There is a peculiar comfort in precision. I think that’s why I’m so obsessed with the pickle jar incident. It was honest. The jar was closed; I was weak. There was no ambiguity. But in the 11th-floor suite, ambiguity is our primary export. We have become experts at ‘reframing’ failure until it looks like a different kind of success. If a project fails, we didn’t lose $201 million; we ‘invested in a learning opportunity.’ If our turnover rate spikes, we aren’t losing talent; we are ‘optimizing our human capital ecosystem.’ It is a linguistic shell game where the pea is always hidden under the cup labeled ‘Synergy.’

Reese J.-M. once pointed out that the way we write the word ‘Value’ has changed over the last 41 years. In older documents, the letters were grounded, the baselines firm. Now, they tend to float, the loops unfinished, as if the writer is already looking for the exit before the word is done. It’s the handwriting of a transient workforce led by transient leaders. Why invest in the long-term integrity of a culture when your average tenure is 31 months? We are building sandcastles and calling them fortresses, then acting surprised when the tide comes in.

Value (Modern)

Value (Classic)

Tax Paid

Cynicism

For living in manufactured meaning

I watched Marcus take another sip of his sparkling water. He looked satisfied. He probably believes his own press releases by now. That’s the most dangerous stage of the disease-when you finally swallow the lie you’ve been feeding everyone else. You start to think that the posters are the reality and the disgruntled employees are just ‘noise.’ You forget that the noise is actually the sound of the foundation cracking. You forget that eventually, the gravity of truth catches up to even the most polished fiction.

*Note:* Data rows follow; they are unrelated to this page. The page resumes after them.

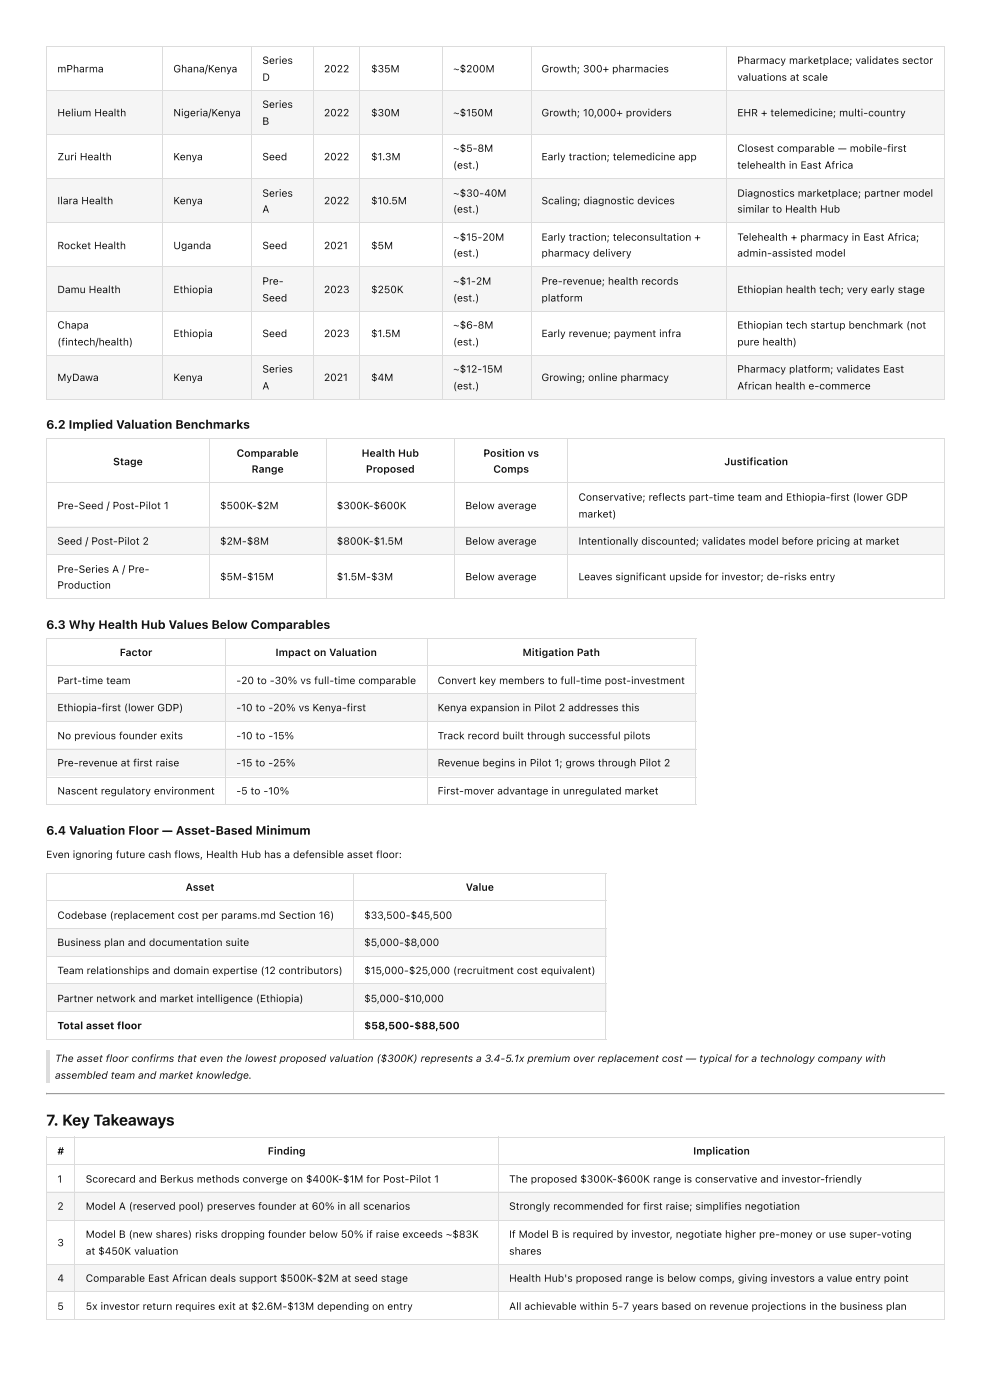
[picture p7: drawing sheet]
<svg xmlns="http://www.w3.org/2000/svg" width="210mm" height="297mm" viewBox="0 0 210 297" stroke-linecap="round" stroke-linejoin="round" font-family="sans-serif">
<defs><g id="words">
<text font-size="3.3" fill="#111" x="9.8" y="238.8">7. Key Takeaways</text>
<g font-size="2.6" fill="#111">
<text x="9.8" y="91">6.2 Implied Valuation Benchmarks</text>
<text x="9.8" y="133.4">6.3 Why Health Hub Values Below Comparables</text>
<text x="9.8" y="177.1">6.4 Valuation Floor — Asset-Based Minimum</text>
</g>
<g font-size="2.2" fill="#111">
<text x="12.2" y="15.3">mPharma</text>
<text x="36.8" y="15.3">Ghana/Kenya</text>
<text x="55.7" y="13.6">Series</text>
<text x="55.7" y="17.1">D</text>
<text x="68.7" y="15.3">2022</text>
<text x="78.7" y="15.3">$35M</text>
<text x="96.1" y="15.3">~$200M</text>
<text x="114.9" y="15.3">Growth; 300+ pharmacies</text>
<text x="156.4" y="13.6">Pharmacy marketplace; validates sector</text>
<text x="156.4" y="17.1">valuations at scale</text>
<text x="55.7" y="22.9">Series</text>
<text x="12.2" y="24.7">Helium Health</text>
<text x="36.8" y="24.7">Nigeria/Kenya</text>
<text x="55.7" y="26.5">B</text>
<text x="68.7" y="24.7">2022</text>
<text x="78.7" y="24.7">$30M</text>
<text x="96.1" y="24.7">~$150M</text>
<text x="114.9" y="24.7">Growth; 10,000+ providers</text>
<text x="156.4" y="24.7">EHR + telemedicine; multi-country</text>
<text x="12.2" y="34">Zuri Health</text>
<text x="36.8" y="34">Kenya</text>
<text x="55.7" y="34">Seed</text>
<text x="68.7" y="34">2022</text>
<text x="78.7" y="34">$1.3M</text>
<text x="96.1" y="32.2">~$5-8M</text>
<text x="96.1" y="35.8">(est.)</text>
<text x="114.9" y="34">Early traction; telemedicine app</text>
<text x="156.4" y="32.2">Closest comparable — mobile-first</text>
<text x="156.4" y="35.8">telehealth in East Africa</text>
<text x="55.7" y="41.7">Series</text>
<text x="96.1" y="41.7">~$30-40M</text>
<text x="156.4" y="41.7">Diagnostics marketplace; partner model</text>
<text x="12.2" y="43.3">Ilara Health</text>
<text x="36.8" y="43.3">Kenya</text>
<text x="55.7" y="45.1">A</text>
<text x="68.7" y="43.3">2022</text>
<text x="78.7" y="43.3">$10.5M</text>
<text x="96.1" y="45.1">(est.)</text>
<text x="114.9" y="43.3">Scaling; diagnostic devices</text>
<text x="156.4" y="45.1">similar to Health Hub</text>
<text x="12.2" y="52.9">Rocket Health</text>
<text x="36.8" y="52.9">Uganda</text>
<text x="55.7" y="52.9">Seed</text>
<text x="68.7" y="52.9">2021</text>
<text x="78.7" y="52.9">$5M</text>
<text x="96.1" y="51.1">~$15-20M</text>
<text x="114.9" y="51.1">Early traction; teleconsultation +</text>
<text x="156.4" y="51.1">Telehealth + pharmacy in East Africa;</text>
<text x="96.1" y="54.4">(est.)</text>
<text x="114.9" y="54.4">pharmacy delivery</text>
<text x="156.4" y="54.4">admin-assisted model</text>
<text x="12.2" y="62.2">Damu Health</text>
<text x="36.8" y="62.2">Ethiopia</text>
<text x="55.7" y="60.4">Pre-</text>
<text x="55.7" y="64">Seed</text>
<text x="68.7" y="62.2">2023</text>
<text x="78.7" y="62.2">$250K</text>
<text x="96.1" y="60.4">~$1-2M</text>
<text x="96.1" y="64">(est.)</text>
<text x="114.9" y="60.4">Pre-revenue; health records</text>
<text x="114.9" y="64">platform</text>
<text x="156.4" y="62.2">Ethiopian health tech; very early stage</text>
<text x="12.2" y="69.7">Chapa</text>
<text x="36.8" y="71.5">Ethiopia</text>
<text x="55.7" y="71.5">Seed</text>
<text x="68.7" y="71.5">2023</text>
<text x="78.7" y="71.5">$1.5M</text>
<text x="96.1" y="69.7">~$6-8M</text>
<text x="114.9" y="71.5">Early revenue; payment infra</text>
<text x="156.4" y="69.7">Ethiopian tech startup benchmark (not</text>
<text x="12.2" y="73.3">(fintech/health)</text>
<text x="96.1" y="73.3">(est.)</text>
<text x="156.4" y="73.3">pure health)</text>
<text x="12.2" y="80.8">MyDawa</text>
<text x="36.8" y="80.8">Kenya</text>
<text x="55.7" y="79">Series</text>
<text x="55.7" y="82.6">A</text>
<text x="68.7" y="80.8">2021</text>
<text x="78.7" y="80.8">$4M</text>
<text x="96.1" y="79">~$12-15M</text>
<text x="96.1" y="82.6">(est.)</text>
<text x="114.9" y="80.8">Growing; online pharmacy</text>
<text x="156.4" y="79">Pharmacy platform; validates East</text>
<text x="156.4" y="82.6">African health e-commerce</text>
<text x="24" y="98.7">Stage</text>
<text x="50.2" y="96.9">Comparable</text>
<text x="53.4" y="100.3">Range</text>
<text x="76.7" y="96.9">Health Hub</text>
<text x="77.6" y="100.3">Proposed</text>
<text x="102.5" y="96.9">Position vs</text>
<text x="104.7" y="100.3">Comps</text>
<text x="153.6" y="98.7">Justification</text>
<text x="122.7" y="106.2">Conservative; reflects part-time team and Ethiopia-first (lower GDP</text>
<text x="12.2" y="108">Pre-Seed / Post-Pilot 1</text>
<text x="46.7" y="108">$500K-$2M</text>
<text x="71.4" y="108">$300K-$600K</text>
<text x="98.7" y="108">Below average</text>
<text x="122.7" y="109.8">market)</text>
<text x="12.2" y="115.6">Seed / Post-Pilot 2</text>
<text x="46.7" y="115.6">$2M-$8M</text>
<text x="71.4" y="115.6">$800K-$1.5M</text>
<text x="98.7" y="115.6">Below average</text>
<text x="122.7" y="115.6">Intentionally discounted; validates model before pricing at market</text>
<text x="12.2" y="121.5">Pre-Series A / Pre-</text>
<text x="12.2" y="124.9">Production</text>
<text x="46.7" y="123.1">$5M-$15M</text>
<text x="71.4" y="123.1">$1.5M-$3M</text>
<text x="98.7" y="123.1">Below average</text>
<text x="122.7" y="123.1">Leaves significant upside for investor; de-risks entry</text>
<text x="25.4" y="139.2">Factor</text>
<text x="58.4" y="139.2">Impact on Valuation</text>
<text x="110.9" y="139.2">Mitigation Path</text>
<text x="12.2" y="145.1">Part-time team</text>
<text x="50.1" y="145.1">-20 to -30% vs full-time comparable</text>
<text x="92.8" y="145.1">Convert key members to full-time post-investment</text>
<text x="12.2" y="150.9">Ethiopia-first (lower GDP)</text>
<text x="50.1" y="150.9">-10 to -20% vs Kenya-first</text>
<text x="92.8" y="150.9">Kenya expansion in Pilot 2 addresses this</text>
<text x="12.2" y="156.8">No previous founder exits</text>
<text x="50.1" y="156.8">-10 to -15%</text>
<text x="92.8" y="156.8">Track record built through successful pilots</text>
<text x="12.2" y="162.6">Pre-revenue at first raise</text>
<text x="50.1" y="162.6">-15 to -25%</text>
<text x="92.8" y="162.6">Revenue begins in Pilot 1; grows through Pilot 2</text>
<text x="12.2" y="168.5">Nascent regulatory environment</text>
<text x="50.1" y="168.5">-5 to -10%</text>
<text x="92.8" y="168.5">First-mover advantage in unregulated market</text>
<text x="9.8" y="182">Even ignoring future cash flows, Health Hub has a defensible asset floor:</text>
<text x="39.4" y="189">Asset</text>
<text x="98.8" y="189">Value</text>
<text x="12.2" y="194.9">Codebase (replacement cost per params.md Section 16)</text>
<text x="77.3" y="194.9">$33,500-$45,500</text>
<text x="12.2" y="200.7">Business plan and documentation suite</text>
<text x="77.3" y="200.7">$5,000-$8,000</text>
<text x="12.2" y="206.6">Team relationships and domain expertise (12 contributors)</text>
<text x="77.3" y="206.6">$15,000-$25,000 (recruitment cost equivalent)</text>
<text x="12.2" y="212.6">Partner network and market intelligence (Ethiopia)</text>
<text x="77.3" y="212.6">$5,000-$10,000</text>
<text x="12.2" y="218.3">Total asset floor</text>
<text x="77.3" y="218.3">$58,500-$88,500</text>
<text x="11.7" y="225.3">The asset floor confirms that even the lowest proposed valuation ($300K) represents a 3.4-5.1x premium over replacement cost — typical for a technology company with</text>
<text x="11.7" y="228.9">assembled team and market knowledge.</text>
<text x="12.2" y="244.9">#</text>
<text x="56.8" y="244.9">Finding</text>
<text x="147" y="244.9">Implication</text>
<text x="12.2" y="250.9">1</text>
<text x="18.2" y="250.9">Scorecard and Berkus methods converge on $400K-$1M for Post-Pilot 1</text>
<text x="108" y="250.9">The proposed $300K-$600K range is conservative and investor-friendly</text>
<text x="12.2" y="256.6">2</text>
<text x="18.2" y="256.6">Model A (reserved pool) preserves founder at 60% in all scenarios</text>
<text x="108" y="256.6">Strongly recommended for first raise; simplifies negotiation</text>
<text x="18.2" y="262.6">Model B (new shares) risks dropping founder below 50% if raise exceeds ~$83K</text>
<text x="108" y="262.6">If Model B is required by investor, negotiate higher pre-money or use super-voting</text>
<text x="12.2" y="264.4">3</text>
<text x="18.2" y="266.2">at $450K valuation</text>
<text x="108" y="266.2">shares</text>
<text x="12.2" y="271.9">4</text>
<text x="18.2" y="271.9">Comparable East African deals support $500K-$2M at seed stage</text>
<text x="108" y="271.9">Health Hub's proposed range is below comps, giving investors a value entry point</text>
<text x="12.2" y="277.9">5</text>
<text x="18.2" y="277.9">5x investor return requires exit at $2.6M-$13M depending on entry</text>
<text x="108" y="277.9">All achievable within 5-7 years based on revenue projections in the business plan</text>
</g>
</g></defs>
<g fill="#f5f5f5">
<path d="M10 19.1h24.4v9.3h-24.4z"/>
<path d="M34.4 19.1h19v9.3h-19z"/>
<path d="M53.4 19.1h12.9v9.3h-12.9z"/>
<path d="M66.3 19.1h10.2v9.3h-10.2z"/>
<path d="M76.5 19.1h17.4v9.3h-17.4z"/>
<path d="M93.9 19.1h18.7v9.3h-18.7z"/>
<path d="M112.6 19.1h41.5v9.3h-41.5z"/>
<path d="M154.1 19.1h46.2v9.3h-46.2z"/>
</g>
<g fill="#fff">
<path d="M10 28.4h24.4v9.6h-24.4z"/>
<path d="M34.4 28.4h19v9.6h-19z"/>
<path d="M53.4 28.4h12.9v9.6h-12.9z"/>
<path d="M66.3 28.4h10.2v9.6h-10.2z"/>
<path d="M76.5 28.4h17.4v9.6h-17.4z"/>
<path d="M93.9 28.4h18.7v9.6h-18.7z"/>
<path d="M112.6 28.4h41.5v9.6h-41.5z"/>
<path d="M154.1 28.4h46.2v9.6h-46.2z"/>
</g>
<g fill="#f5f5f5">
<path d="M10 38h24.4v9.3h-24.4z"/>
<path d="M34.4 38h19v9.3h-19z"/>
<path d="M53.4 38h12.9v9.3h-12.9z"/>
<path d="M66.3 38h10.2v9.3h-10.2z"/>
<path d="M76.5 38h17.4v9.3h-17.4z"/>
<path d="M93.9 38h18.7v9.3h-18.7z"/>
<path d="M112.6 38h41.5v9.3h-41.5z"/>
<path d="M154.1 38h46.2v9.3h-46.2z"/>
</g>
<g fill="#fff">
<path d="M10 47.3h24.4v9.3h-24.4z"/>
<path d="M34.4 47.3h19v9.3h-19z"/>
<path d="M53.4 47.3h12.9v9.3h-12.9z"/>
<path d="M66.3 47.3h10.2v9.3h-10.2z"/>
<path d="M76.5 47.3h17.4v9.3h-17.4z"/>
<path d="M93.9 47.3h18.7v9.3h-18.7z"/>
<path d="M112.6 47.3h41.5v9.3h-41.5z"/>
<path d="M154.1 47.3h46.2v9.3h-46.2z"/>
</g>
<g fill="#f5f5f5">
<path d="M10 56.6h24.4v9.3h-24.4z"/>
<path d="M34.4 56.6h19v9.3h-19z"/>
<path d="M53.4 56.6h12.9v9.3h-12.9z"/>
<path d="M66.3 56.6h10.2v9.3h-10.2z"/>
<path d="M76.5 56.6h17.4v9.3h-17.4z"/>
<path d="M93.9 56.6h18.7v9.3h-18.7z"/>
<path d="M112.6 56.6h41.5v9.3h-41.5z"/>
<path d="M154.1 56.6h46.2v9.3h-46.2z"/>
</g>
<g fill="#fff">
<path d="M10 65.9h24.4v9.4h-24.4z"/>
<path d="M34.4 65.9h19v9.4h-19z"/>
<path d="M53.4 65.9h12.9v9.4h-12.9z"/>
<path d="M66.3 65.9h10.2v9.4h-10.2z"/>
<path d="M76.5 65.9h17.4v9.4h-17.4z"/>
<path d="M93.9 65.9h18.7v9.4h-18.7z"/>
<path d="M112.6 65.9h41.5v9.4h-41.5z"/>
<path d="M154.1 65.9h46.2v9.4h-46.2z"/>
</g>
<g fill="#f5f5f5">
<path d="M10 75.3h24.4v9.5h-24.4z"/>
<path d="M34.4 75.3h19v9.5h-19z"/>
<path d="M53.4 75.3h12.9v9.5h-12.9z"/>
<path d="M66.3 75.3h10.2v9.5h-10.2z"/>
<path d="M76.5 75.3h17.4v9.5h-17.4z"/>
<path d="M93.9 75.3h18.7v9.5h-18.7z"/>
<path d="M112.6 75.3h41.5v9.5h-41.5z"/>
<path d="M154.1 75.3h46.2v9.5h-46.2z"/>
</g>
<g fill="none" stroke="#dcdcdc" stroke-width=".21">
<path d="M9.8 9.9h190.5M9.8 19.2h190.5M9.9 9.8v75M34.5 9.8v75M53.3 9.8v75M66.4 9.8v75M76.4 9.8v75M93.8 9.8v75M112.7 9.8v75M154.2 9.8v75M200.3 9.8v75M9.8 28.5h190.5"/>
<path d="M9.8 37.9h190.5M9.8 47.2h190.5M9.8 56.5h190.5M9.8 66h190.5M9.8 75.4h190.5M9.8 84.7h190.5"/>
</g>
<g fill="#fff">
<path d="M10 93.1h34.3v9.4h-34.3z"/>
<path d="M44.3 93.1h24.8v9.4h-24.8z"/>
<path d="M69.1 93.1h27.4v9.4h-27.4z"/>
<path d="M96.5 93.1h24v9.4h-24z"/>
<path d="M120.5 93.1h79.8v9.4h-79.8z"/>
<path d="M10 102.5h34.3v9.3h-34.3z"/>
<path d="M44.3 102.5h24.8v9.3h-24.8z"/>
<path d="M69.1 102.5h27.4v9.3h-27.4z"/>
<path d="M96.5 102.5h24v9.3h-24z"/>
<path d="M120.5 102.5h79.8v9.3h-79.8z"/>
</g>
<g fill="#f5f5f5">
<path d="M10 111.8h34.3v5.9h-34.3z"/>
<path d="M44.3 111.8h24.8v5.9h-24.8z"/>
<path d="M69.1 111.8h27.4v5.9h-27.4z"/>
<path d="M96.5 111.8h24v5.9h-24z"/>
<path d="M120.5 111.8h79.8v5.9h-79.8z"/>
</g>
<g fill="#fff">
<path d="M10 117.7h34.3v9.4h-34.3z"/>
<path d="M44.3 117.7h24.8v9.4h-24.8z"/>
<path d="M69.1 117.7h27.4v9.4h-27.4z"/>
<path d="M96.5 117.7h24v9.4h-24z"/>
<path d="M120.5 117.7h79.8v9.4h-79.8z"/>
</g>
<path d="M9.8 93h190.5M9.9 92.9v34.2M44.4 92.9v34.2M69.2 92.9v34.2M96.4 92.9v34.2M120.4 92.9v34.2M200.3 92.9v34.2M9.8 102.4h190.5M9.8 111.9h190.5M9.8 117.6h190.5M9.8 127h190.5" fill="none" stroke="#dcdcdc" stroke-width=".21"/>
<g fill="#fff">
<path d="M10 135.4h37.9v6h-37.9z"/>
<path d="M47.9 135.4h42.7v6h-42.7z"/>
<path d="M90.6 135.4h56.9v6h-56.9z"/>
<path d="M10 141.4h37.9v5.7h-37.9z"/>
<path d="M47.9 141.4h42.7v5.7h-42.7z"/>
<path d="M90.6 141.4h56.9v5.7h-56.9z"/>
</g>
<g fill="#f5f5f5">
<path d="M10 147.1h37.9v6h-37.9z"/>
<path d="M47.9 147.1h42.7v6h-42.7z"/>
<path d="M90.6 147.1h56.9v6h-56.9z"/>
</g>
<g fill="#fff">
<path d="M10 153.1h37.9v5.7h-37.9z"/>
<path d="M47.9 153.1h42.7v5.7h-42.7z"/>
<path d="M90.6 153.1h56.9v5.7h-56.9z"/>
</g>
<g fill="#f5f5f5">
<path d="M10 158.8h37.9v6h-37.9z"/>
<path d="M47.9 158.8h42.7v6h-42.7z"/>
<path d="M90.6 158.8h56.9v6h-56.9z"/>
</g>
<g fill="#fff">
<path d="M10 164.8h37.9v5.9h-37.9z"/>
<path d="M47.9 164.8h42.7v5.9h-42.7z"/>
<path d="M90.6 164.8h56.9v5.9h-56.9z"/>
</g>
<path d="M9.8 135.5h137.9M9.9 135.4v35.3M47.8 135.4v35.3M90.7 135.4v35.3M147.6 135.4v35.3M9.8 141.3h137.9M9.8 147.2h137.9M9.8 153h137.9M9.8 158.9h137.9M9.8 164.9h137.9M9.8 170.6h137.9" fill="none" stroke="#dcdcdc" stroke-width=".21"/>
<g fill="#fff">
<path d="M10 185.2h65.1v6h-65.1z"/>
<path d="M75.1 185.2h53.6v6h-53.6z"/>
<path d="M10 191.2h65.1v5.7h-65.1z"/>
<path d="M75.1 191.2h53.6v5.7h-53.6z"/>
</g>
<g fill="#f5f5f5">
<path d="M10 196.9h65.1v6h-65.1z"/>
<path d="M75.1 196.9h53.6v6h-53.6z"/>
</g>
<g fill="#fff">
<path d="M10 202.9h65.1v5.9h-65.1z"/>
<path d="M75.1 202.9h53.6v5.9h-53.6z"/>
</g>
<g fill="#f5f5f5">
<path d="M10 208.8h65.1v5.8h-65.1z"/>
<path d="M75.1 208.8h53.6v5.8h-53.6z"/>
</g>
<g fill="#fff">
<path d="M10 214.6h65.1v5.9h-65.1z"/>
<path d="M75.1 214.6h53.6v5.9h-53.6z"/>
</g>
<path d="M9.8 185.3h118.9M9.8 191.1h118.9M9.8 197h118.9M9.9 185.2v35.3M75 185.2v35.3M128.6 185.2v35.3M9.8 203h118.9M9.8 208.7h118.9M9.8 214.7h118.9M9.8 220.4h118.9" fill="none" stroke="#dcdcdc" stroke-width=".21"/>
<path d="M9.8 222.7h.8v7h-.8z" fill="#dcdcdc"/>
<path d="M9.8 231.9h190.5" fill="none" stroke="#9a9a9a" stroke-width=".21"/>
<path d="M9.8 232.1h190.5" fill="none" stroke="#eee" stroke-width=".21"/>
<path d="M200.3 231.8v.4z" fill="#eee"/>
<path d="M9.8 231.8h.2l-.2 .4z" fill="#9a9a9a"/>
<g fill="#fff">
<path d="M10 241.2h5.9v5.9h-5.9z"/>
<path d="M15.9 241.2h89.7v5.9h-89.7z"/>
<path d="M105.6 241.2h94.7v5.9h-94.7z"/>
<path d="M10 247.1h5.9v5.8h-5.9z"/>
<path d="M15.9 247.1h89.7v5.8h-89.7z"/>
<path d="M105.6 247.1h94.7v5.8h-94.7z"/>
</g>
<g fill="#f5f5f5">
<path d="M10 252.9h5.9v5.9h-5.9z"/>
<path d="M15.9 252.9h89.7v5.9h-89.7z"/>
<path d="M105.6 252.9h94.7v5.9h-94.7z"/>
</g>
<g fill="#fff">
<path d="M10 258.8h5.9v9.4h-5.9z"/>
<path d="M15.9 258.8h89.7v9.4h-89.7z"/>
<path d="M105.6 258.8h94.7v9.4h-94.7z"/>
</g>
<g fill="#f5f5f5">
<path d="M10 268.2h5.9v5.9h-5.9z"/>
<path d="M15.9 268.2h89.7v5.9h-89.7z"/>
<path d="M105.6 268.2h94.7v5.9h-94.7z"/>
</g>
<g fill="#fff">
<path d="M10 274.1h5.9v5.8h-5.9z"/>
<path d="M15.9 274.1h89.7v5.8h-89.7z"/>
<path d="M105.6 274.1h94.7v5.8h-94.7z"/>
</g>
<path d="M9.8 241.3h190.5M9.8 247h190.5M9.8 253h190.5M9.8 258.9h190.5M9.9 241.2v38.7M15.8 241.2v38.7M105.7 241.2v38.7M200.3 241.2v38.7M9.8 268.3h190.5M9.8 274h190.5M9.8 280h190.5" fill="none" stroke="#dcdcdc" stroke-width=".21"/>
<use href="#words"/>
</svg>

When Integrity Leaves No Stain

I think about the 111 people who lost their jobs and the way the ‘Empathy’ poster looked as they walked past it with their cardboard boxes. One of them, a designer I’d worked with for 11 years, stopped and poked the poster with his finger. He didn’t say anything. He just touched the word ‘Empathy’ and then looked at his finger as if he expected it to be covered in wet paint or slime. It wasn’t. It was just paper. That’s the ultimate insult-that the values aren’t even substantial enough to leave a stain. They are ghosts, flickering in the LED lights, haunting a space where real human connection used to live.

The 101% Honesty Test

If forced to be 101% honest for one day, how much structure remains?

Honesty (Day 1)

101%

Company Survival

15%

The True Value: A Singular, Honest Result

If we want to fix this, we have to stop writing on the walls. We have to start looking at the promotions. We have to look at the budget. We have to ask ourselves: if we were forced to be 101 percent honest for just one day, would the company still exist by sunset? Most wouldn’t. They would evaporate like mist, leaving behind nothing but some ergonomic chairs and a lot of very expensive, very useless posters.

I finally went back to the kitchen and tried the pickle jar again, this time using a rubber grip I found in the drawer. It popped open with a satisfying, singular sound. It was the most honest thing that happened to me all day. No mission statement, no branding, just a problem, a tool, and a result. Maybe that’s the only value that actually matters: doing the thing you said you were going to do, even when no one is giving you a trophy for it.

Action > Aspiration

Analysis complete. The foundation is what remains when the marketing fades.